(ACTIVITY) In the material below, the required lines run from the one containing "geography: delft" through the one containing "description: Onderdeel van". Copy those lines exactly, ends included, and nothing else.

(TASK INPUTS)
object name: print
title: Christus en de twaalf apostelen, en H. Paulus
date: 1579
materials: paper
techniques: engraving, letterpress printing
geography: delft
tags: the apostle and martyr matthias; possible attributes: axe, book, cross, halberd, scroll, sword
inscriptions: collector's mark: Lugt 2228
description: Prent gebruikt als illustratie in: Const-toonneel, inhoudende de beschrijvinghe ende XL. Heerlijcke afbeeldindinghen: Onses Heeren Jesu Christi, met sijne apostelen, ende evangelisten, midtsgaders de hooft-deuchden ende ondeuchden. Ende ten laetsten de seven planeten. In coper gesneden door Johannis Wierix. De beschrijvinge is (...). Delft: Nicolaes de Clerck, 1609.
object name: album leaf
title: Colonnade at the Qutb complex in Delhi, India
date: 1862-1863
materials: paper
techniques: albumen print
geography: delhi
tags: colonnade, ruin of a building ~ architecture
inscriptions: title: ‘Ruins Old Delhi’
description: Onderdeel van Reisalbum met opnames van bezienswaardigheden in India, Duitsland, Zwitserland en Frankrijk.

--

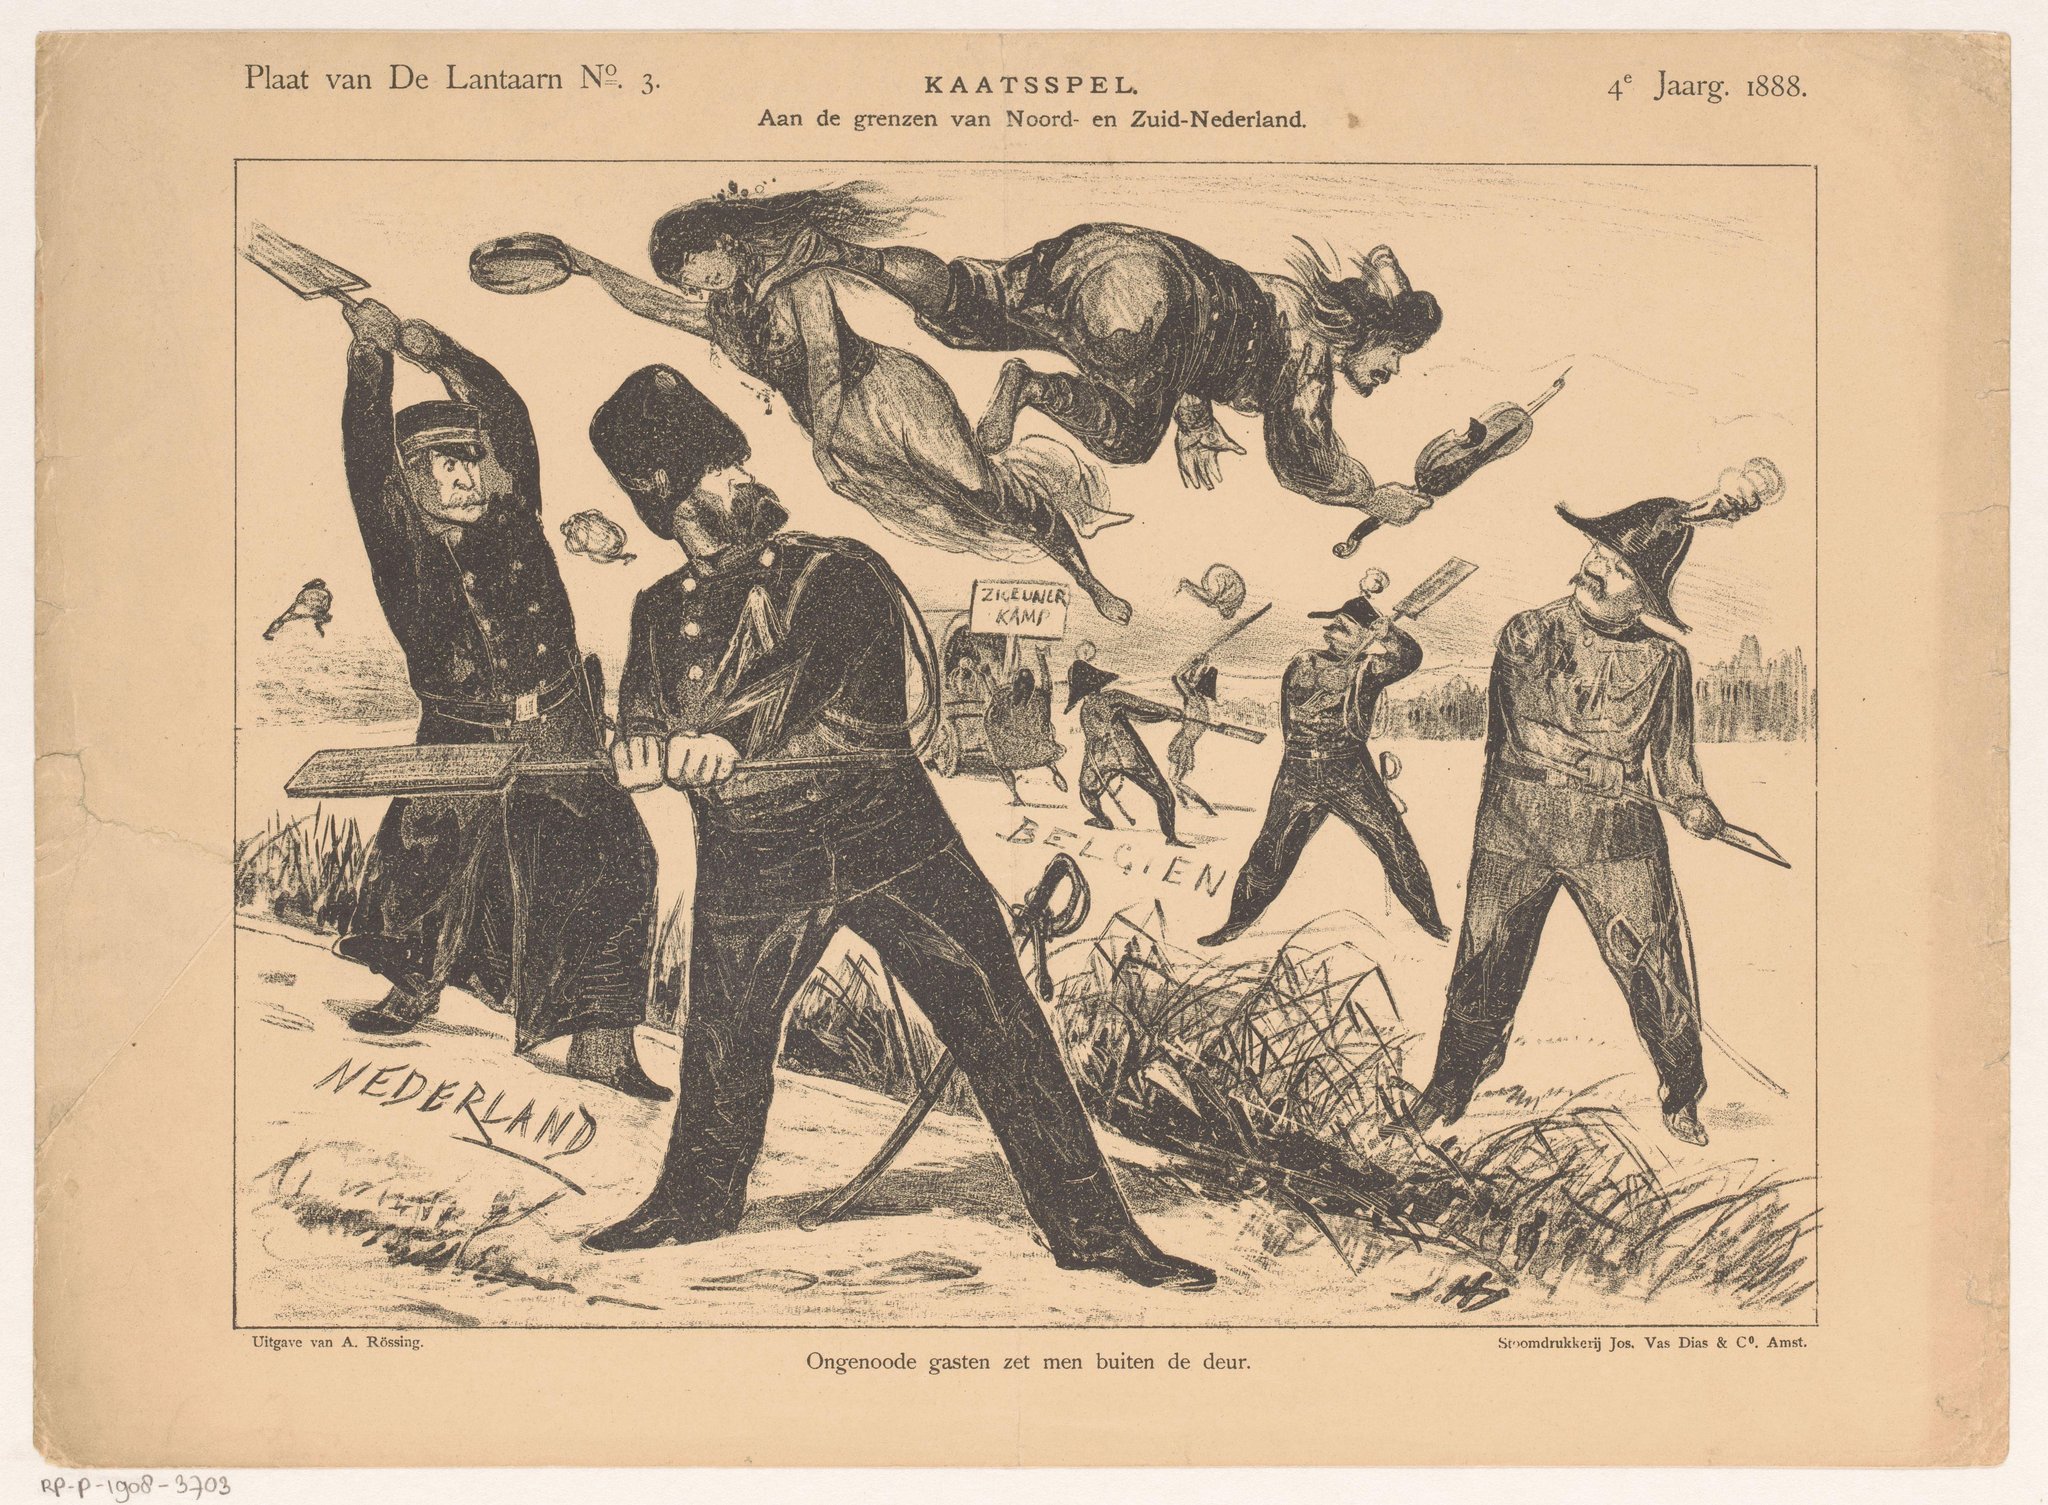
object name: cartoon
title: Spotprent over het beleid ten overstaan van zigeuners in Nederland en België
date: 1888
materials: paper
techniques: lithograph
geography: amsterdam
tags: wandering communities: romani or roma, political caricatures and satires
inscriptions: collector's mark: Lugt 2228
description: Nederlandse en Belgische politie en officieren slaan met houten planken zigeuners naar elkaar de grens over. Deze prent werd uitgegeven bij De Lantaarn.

...

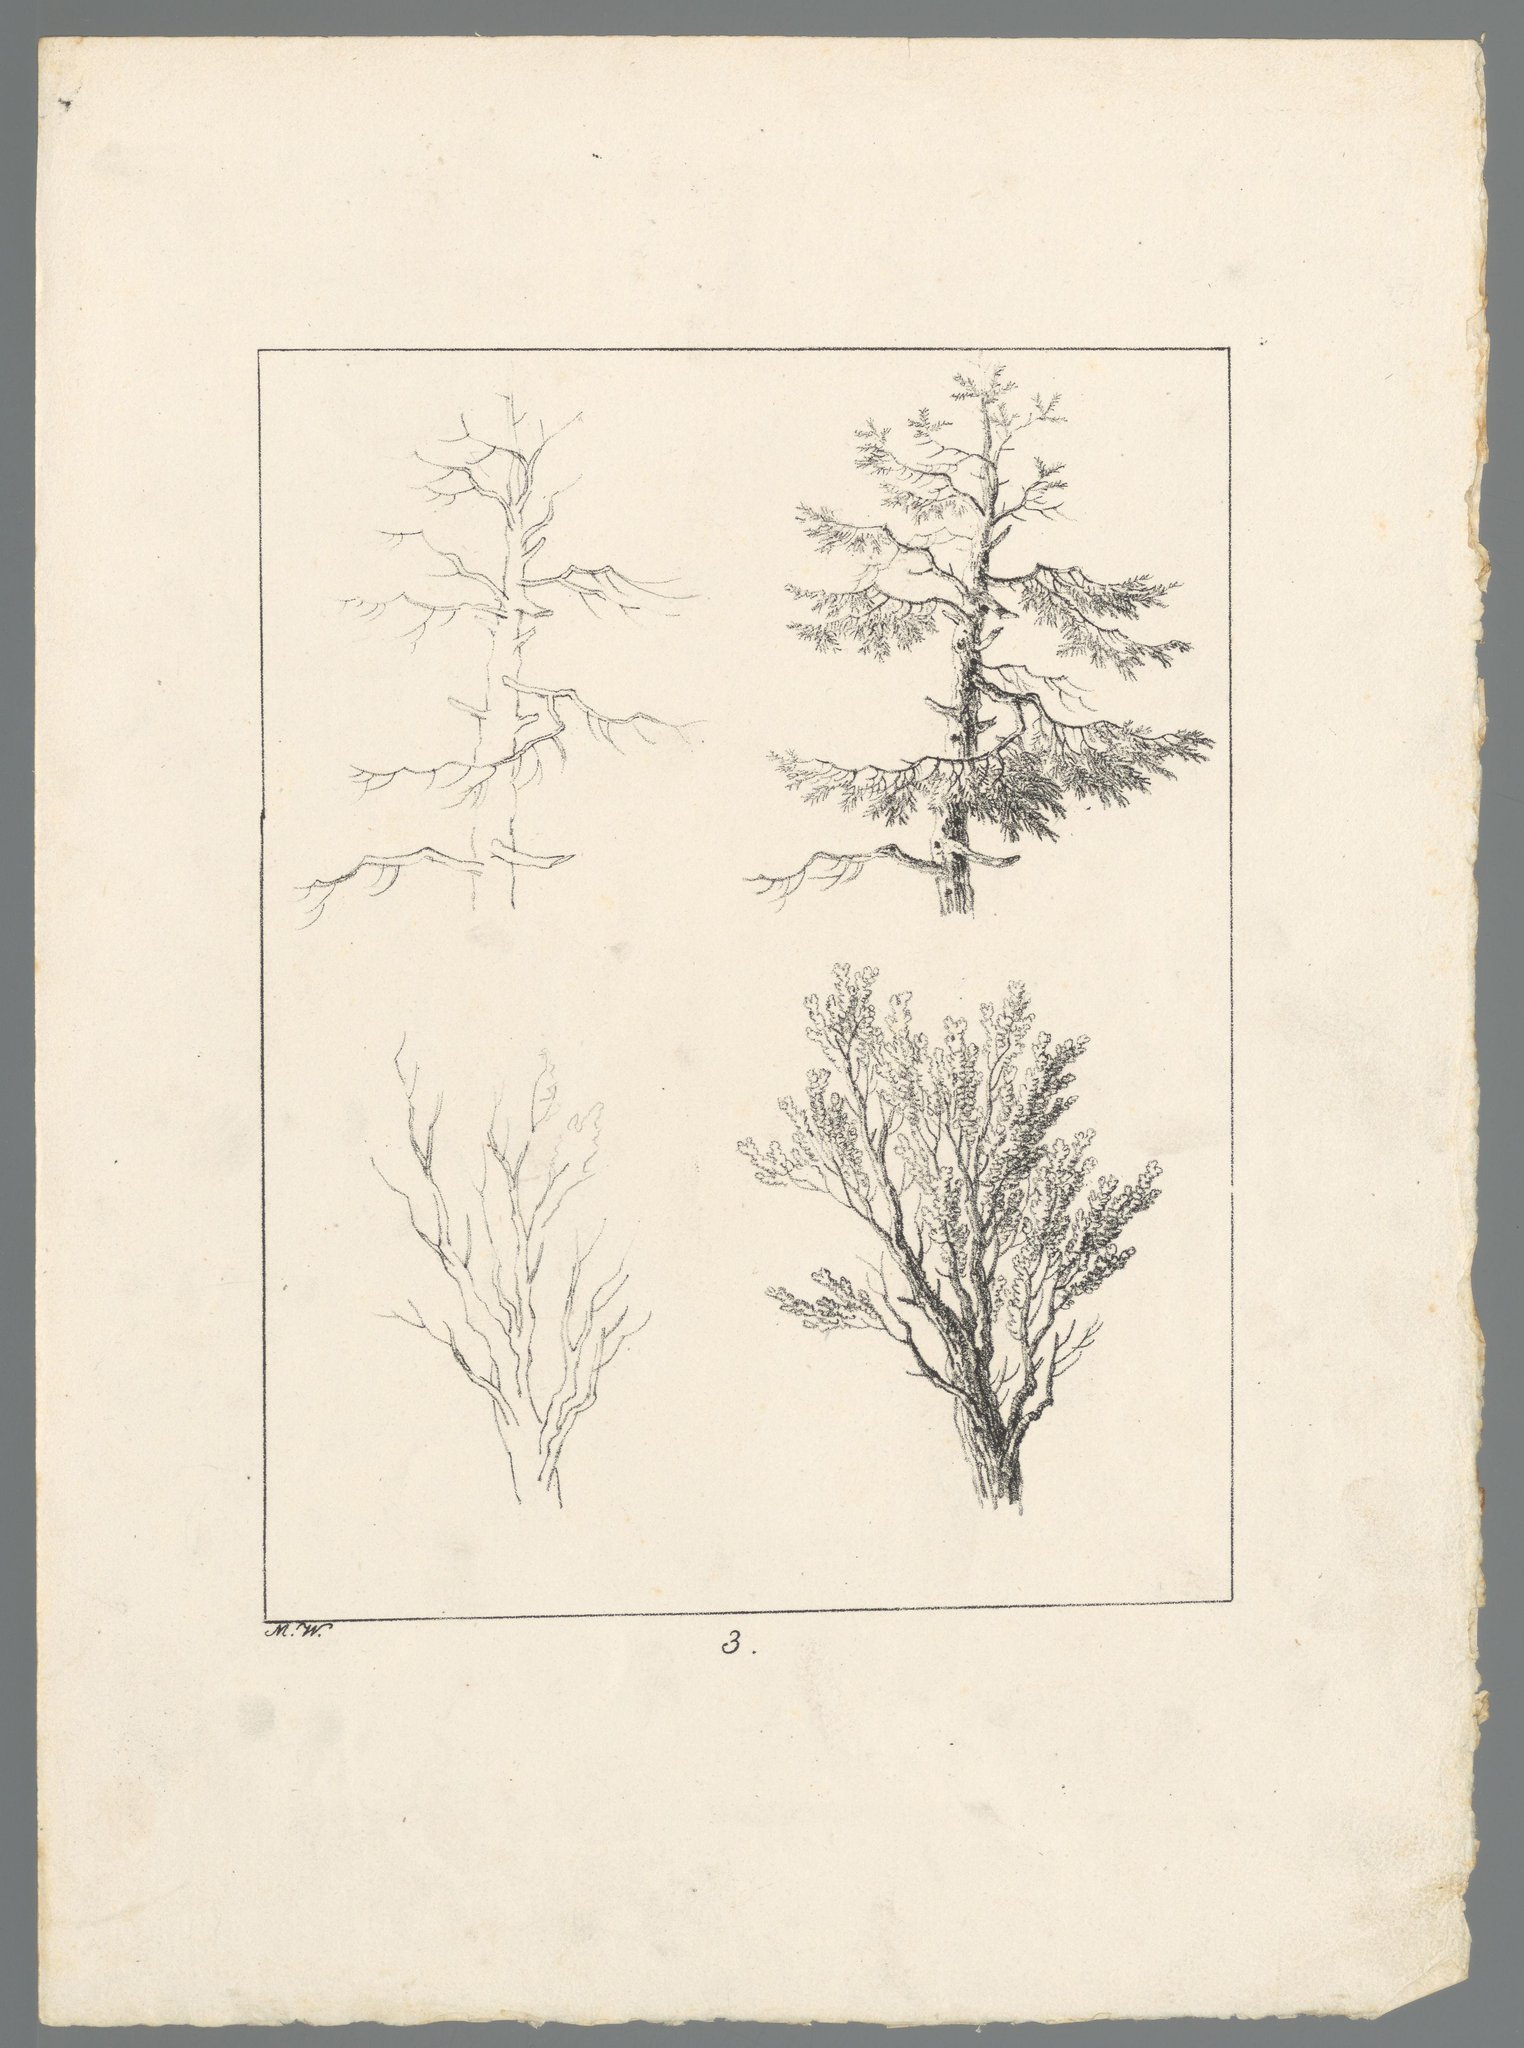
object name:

(SOLUTION TO THIS TASK)
geography: delft
tags: the apostle and martyr matthias; possible attributes: axe, book, cross, halberd, scroll, sword
inscriptions: collector's mark: Lugt 2228
description: Prent gebruikt als illustratie in: Const-toonneel, inhoudende de beschrijvinghe ende XL. Heerlijcke afbeeldindinghen: Onses Heeren Jesu Christi, met sijne apostelen, ende evangelisten, midtsgaders de hooft-deuchden ende ondeuchden. Ende ten laetsten de seven planeten. In coper gesneden door Johannis Wierix. De beschrijvinge is (...). Delft: Nicolaes de Clerck, 1609.
object name: album leaf
title: Colonnade at the Qutb complex in Delhi, India
date: 1862-1863
materials: paper
techniques: albumen print
geography: delhi
tags: colonnade, ruin of a building ~ architecture
inscriptions: title: ‘Ruins Old Delhi’
description: Onderdeel van Reisalbum met opnames van bezienswaardigheden in India, Duitsland, Zwitserland en Frankrijk.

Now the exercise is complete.